We wish to make it very clear that these guidelines in no way replace judicial discretion. They are advisory and not mandatory. They are geared to promoting consistency and transparency in sentencing hearings. They are also aimed at promoting public understanding of the sentencing process. This notwithstanding, we are obligated to point out here that paragraph 25 of the 2016 Judiciary Sentencing Policy Guidelines states that:

25. GUIDELINE JUDGMENTS

25. 1 Where there are guideline judgments, that is, decisions from the superior courts on a sentencing principle, the subordinate courts are bound by it. It is the duty of the court to keep abreast with the guideline judgments pronounced. Equally, it is the duty of the prosecutor and defence counsel to inform the court of existing guideline judgments on an issue before it.”

10. Although the Supreme Court was dealing with the offence of murder, I am of the view that the same principle applies in other cases where the law provides for a mandatory sentence, including the instant case of robbery with violence. In William Okungu Kittiny vs. Republic [2018] eKLR, the Court of Appeal stated:-

"...The appellant was sentenced to death for robbery with violence under Section 296 (2). The punishment provided for murder under Section 203 as read with Section 204 and for robbery with violence and attempted robbery with violence under Section 296 (2) and 297 (2) is death. By Article 27(1) of the Constitution, every person has inter alia, the right to equal protection and equal benefit of the law. Although the Muruatetu's case specifically dealt with the death sentence for murder, the decision broadly considered the constitutionality of the death sentence in general...From the foregoing, we hold that the findings and holding of the Supreme Court particularly Paragraph 69 applies mutatis mutandis to Section 296 (2) and 297 (2) of the Penal Code. Thus the sentence ... is a discretionary ...”

11. According to The Sentencing Policy Guidelines, 2016 (“the Guidelines”) published by the Kenya Judiciary, the sentence imposed must meet the following objectives in totality;

(a) Retribution: To punish the offender for his/her criminal conduct in a just manner.

(b) Deterrence: To deter the offender from committing a similar offence subsequently as well as discourage other people from committing similar offences.

(c) Rehabilitation: To enable the offender reform from his criminal disposition and become a law-abiding person.

(d) Restorative justice: To address the needs arising from criminal conduct such as loss and damages.

(e) Community protection: To protect the community by incapacitating the offender.

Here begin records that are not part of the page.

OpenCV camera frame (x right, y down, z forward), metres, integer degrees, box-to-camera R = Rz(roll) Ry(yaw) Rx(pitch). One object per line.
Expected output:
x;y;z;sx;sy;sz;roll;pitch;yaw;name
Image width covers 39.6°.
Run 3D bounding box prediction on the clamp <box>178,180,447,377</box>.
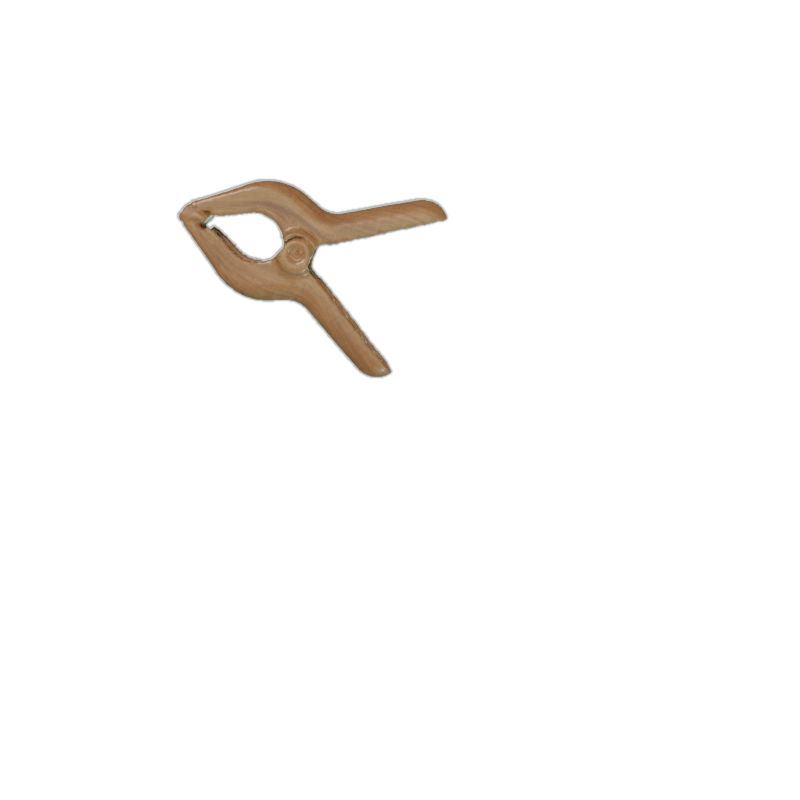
-0.057;-0.104;0.728;0.172;0.120;0.039;29;-2;1;clamp
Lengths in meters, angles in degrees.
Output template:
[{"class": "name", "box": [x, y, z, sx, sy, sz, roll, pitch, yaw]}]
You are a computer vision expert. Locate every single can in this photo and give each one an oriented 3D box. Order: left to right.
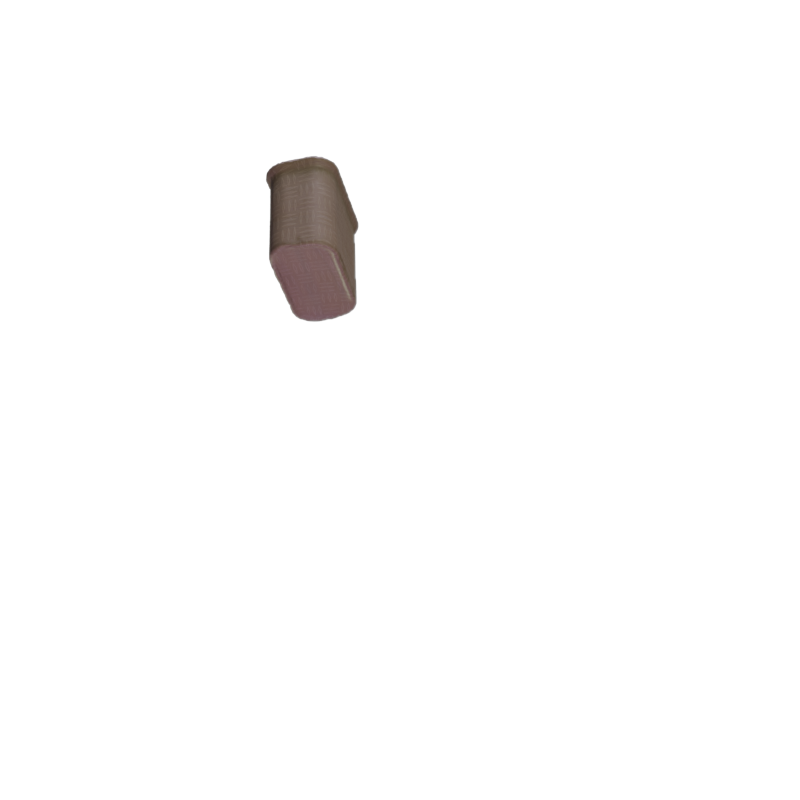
[{"class": "can", "box": [-0.067, -0.122, 0.854, 0.058, 0.090, 0.094, -9, -36, 9]}]
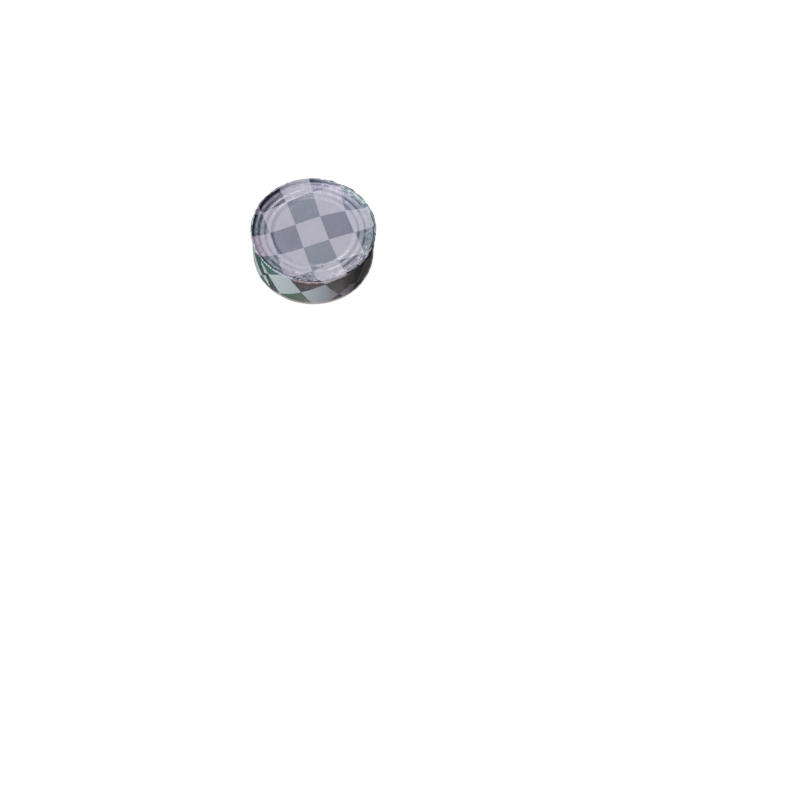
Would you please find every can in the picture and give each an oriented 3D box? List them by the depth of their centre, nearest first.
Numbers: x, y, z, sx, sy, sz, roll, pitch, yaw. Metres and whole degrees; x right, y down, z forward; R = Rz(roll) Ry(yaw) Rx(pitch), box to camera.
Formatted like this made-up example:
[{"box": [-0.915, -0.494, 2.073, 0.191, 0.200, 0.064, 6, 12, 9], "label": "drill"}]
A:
[{"box": [-0.060, -0.109, 0.767, 0.086, 0.092, 0.031, -1, -32, -1], "label": "can"}]
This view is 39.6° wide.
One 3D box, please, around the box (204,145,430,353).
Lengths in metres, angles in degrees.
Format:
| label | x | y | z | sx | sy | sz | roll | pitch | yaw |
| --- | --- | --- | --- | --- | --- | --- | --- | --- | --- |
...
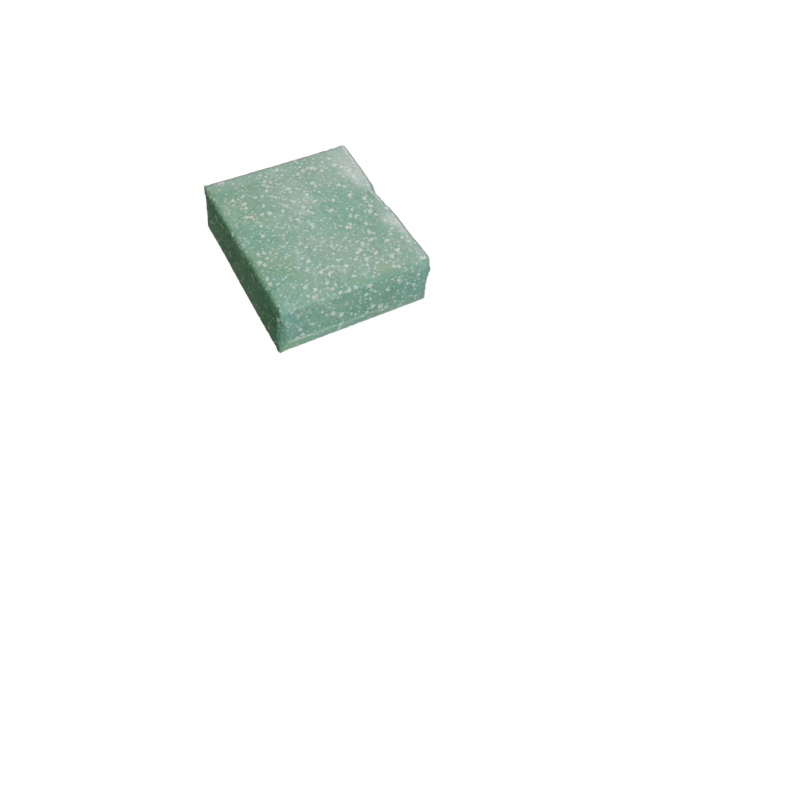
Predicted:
| label | x | y | z | sx | sy | sz | roll | pitch | yaw |
| --- | --- | --- | --- | --- | --- | --- | --- | --- | --- |
| box | -0.039 | -0.072 | 0.504 | 0.072 | 0.096 | 0.028 | -20 | -38 | -17 |
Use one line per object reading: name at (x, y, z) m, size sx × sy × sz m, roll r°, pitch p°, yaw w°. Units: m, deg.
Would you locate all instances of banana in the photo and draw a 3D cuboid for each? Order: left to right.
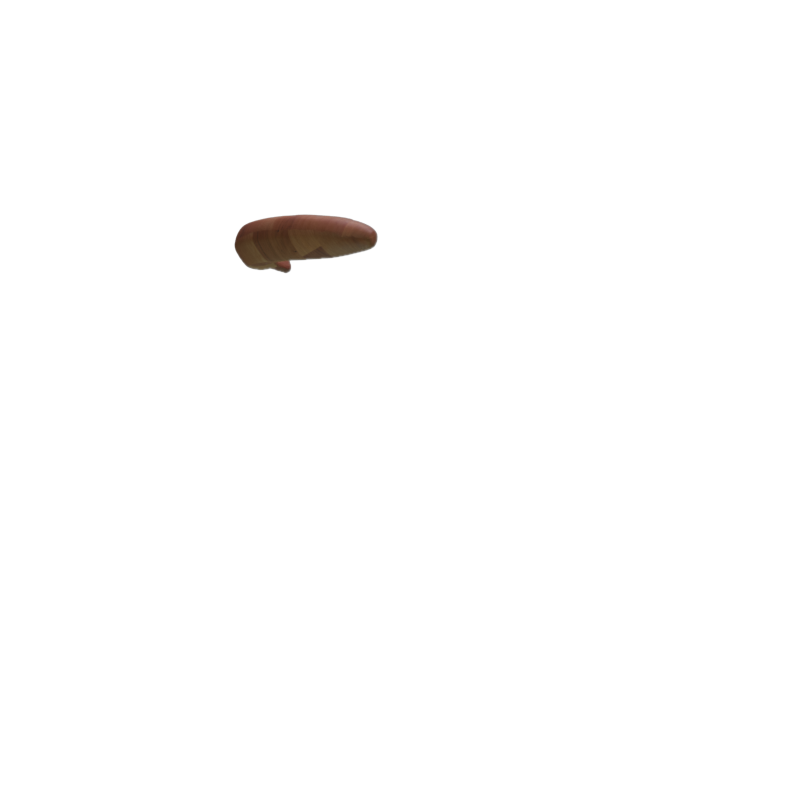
banana at (-0.087, -0.125, 0.873) m, size 0.068 × 0.037 × 0.203 m, roll 0°, pitch 2°, yaw -24°
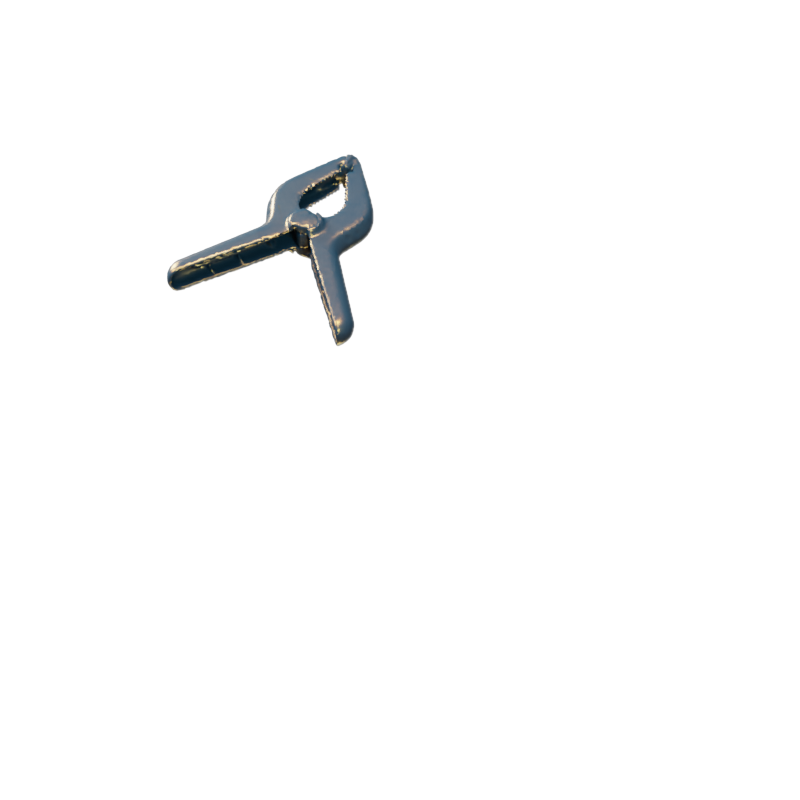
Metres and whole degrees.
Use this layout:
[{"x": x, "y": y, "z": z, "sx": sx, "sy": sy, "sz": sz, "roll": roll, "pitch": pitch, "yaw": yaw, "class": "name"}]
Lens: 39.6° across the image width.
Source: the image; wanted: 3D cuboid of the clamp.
[{"x": -0.074, "y": -0.135, "z": 0.946, "sx": 0.172, "sy": 0.034, "sz": 0.216, "roll": 23, "pitch": 51, "yaw": 20, "class": "clamp"}]
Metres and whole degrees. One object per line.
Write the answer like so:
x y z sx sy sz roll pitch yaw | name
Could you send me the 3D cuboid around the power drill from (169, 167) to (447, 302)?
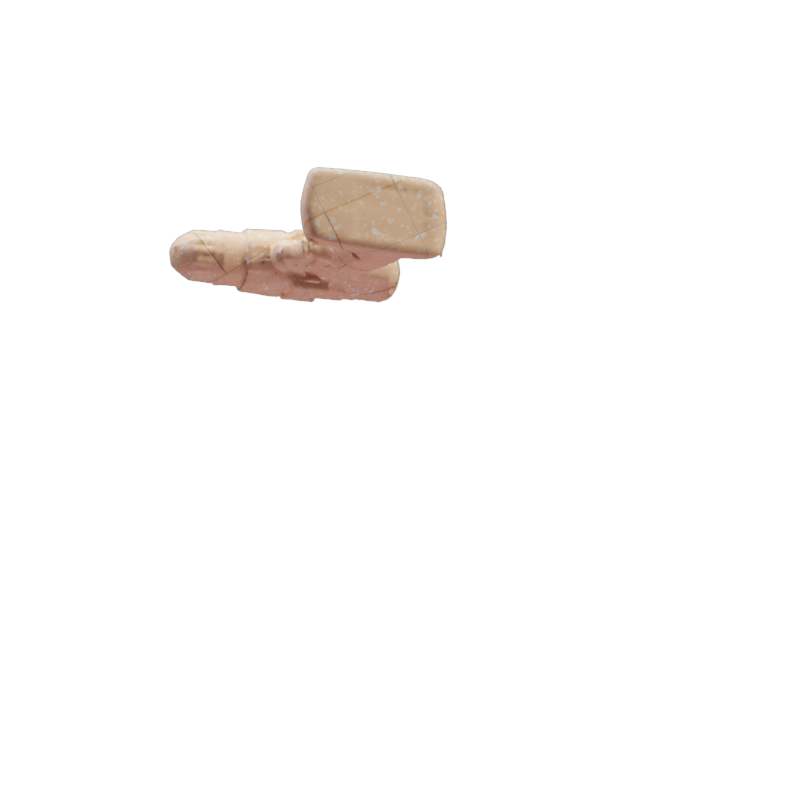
-0.063 -0.116 0.810 0.179 0.059 0.188 2 -7 -20 | power drill
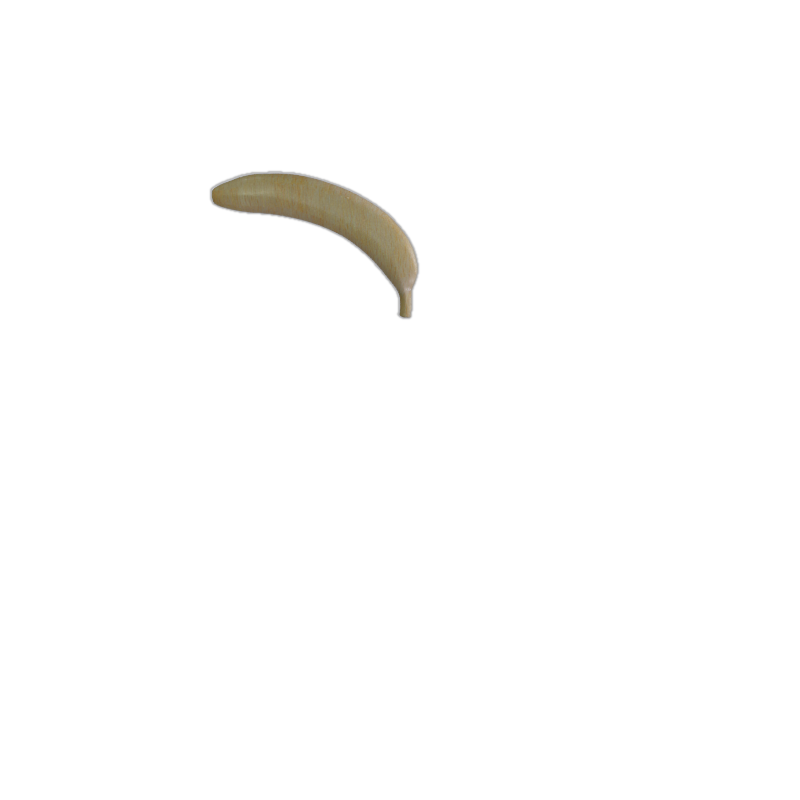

(f) Denunciation: To communicate the community’s condemnation of the criminal conduct”.

12. I have considered that notwithstanding the violence meted out to the victims, the applicant raped his victim, violated her up to the point of ejaculating unto her. That must have been no only humiliating but must have had long lasting effect on the victim. There can be no possible reason why one would violently rob another and rub the injury with a humiliating act of rape! The perpetrator is not deserving of any leniency in such circumstances.

13. I am satisfied that this is a proper case where the death sentence was properly meted out. I dismiss the application.

DATED and DELIVERED at Meru this 31st day of October, 2019.